# Soliton JR low /no output



## dpkahmke (Mar 3, 2013)

Hello All: I was wondering if anyone has had a similar experience with a Soliton JR controller. I'm powering up and all looks fine, in the software (no errors, status "Running"), but the output on the controller tops out at 6 volts (Via voltmeter), obviously not enough to run the motor. I have lifted the drive wheels of the ground (on a lift), and they spin with the throttle, so I can see that the control voltage is getting to the controller. and "Some" voltage is getting out to the motor. I've checked the throttle .8 Volts at rest and 5.1 at full.

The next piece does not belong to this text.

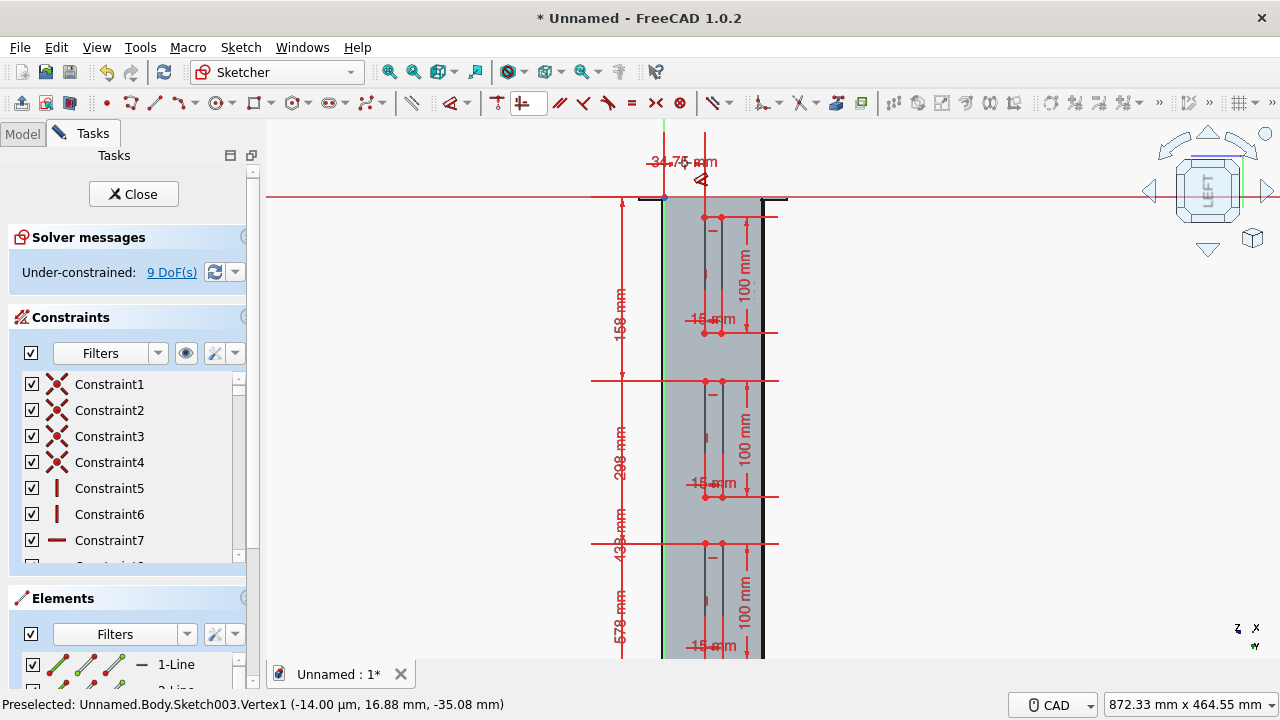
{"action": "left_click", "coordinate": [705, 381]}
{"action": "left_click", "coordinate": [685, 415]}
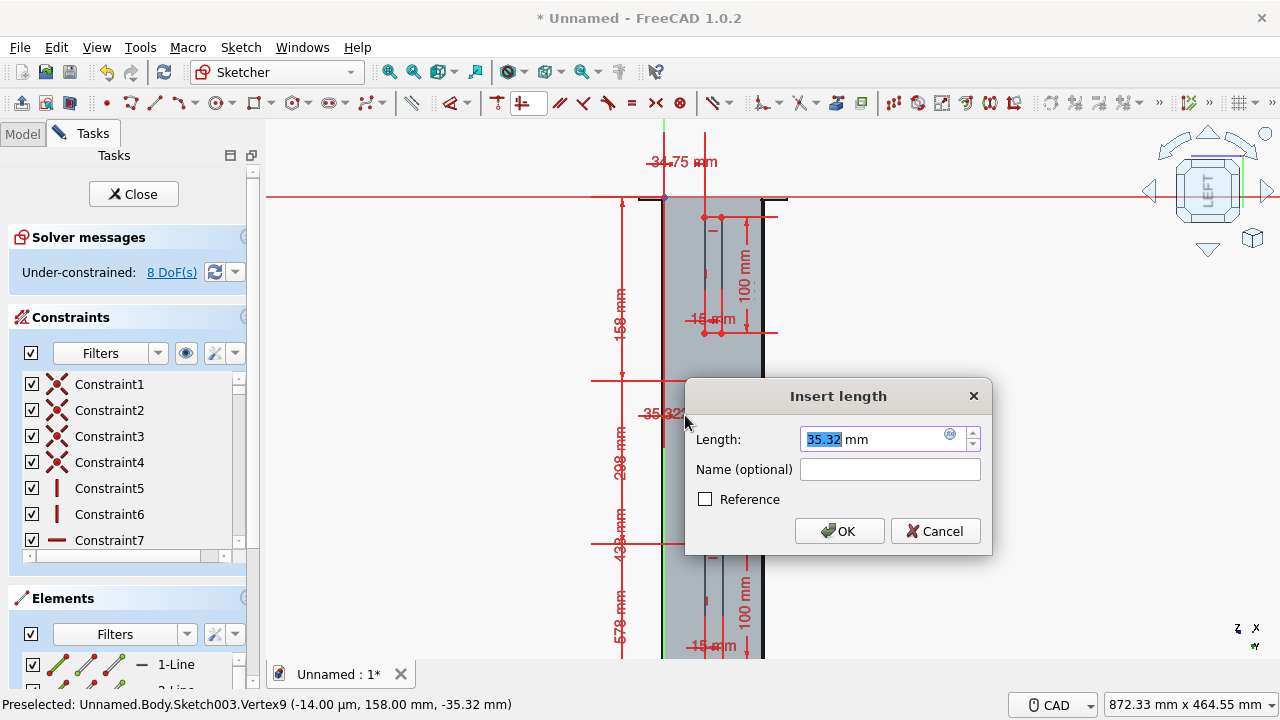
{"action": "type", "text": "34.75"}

Config reads 18% / 96% for the throttle calibration. I've actually in the troubleshooting process disconnected all the other inputs and outputs to remove variables. The pack is 92 volts and read fine on the input terminals. The 12 volt supply is a traditional car battery and a DC-DC reading 12.2 under load (13.6 without load). I feel I'm missing something simple since I don't see any errors in the software. Any help would be appreciated as after several days of "banging my head against the wall" I'm ready to replace with simpler and cheaper unit, although I'd really like to not spend any more money. Again thanks in advance.
Daniel


----------



## piotrsko (Dec 9, 2007)

Look through the settings page and see if the battery parameters are set incorrectly. Sols had a motor never exceed voltage setting and a current never exceed that are co related. Easiest is to reset to defaults then recal the throttle. If it is configured correctly you may have a dying igbt which Tesseract said might be common by now.


----------



## dpkahmke (Mar 3, 2013)

piotrsko said:


> Look through the settings page and see if the battery parameters are set incorrectly. Sols had a motor never exceed voltage setting and a current never exceed that are co related. Easiest is to reset to defaults then recal the throttle. If it is configured correctly you may have a dying igbt which Tesseract said might be common by now.


Thanks I'll have look and make sure that they are inversely related.


----------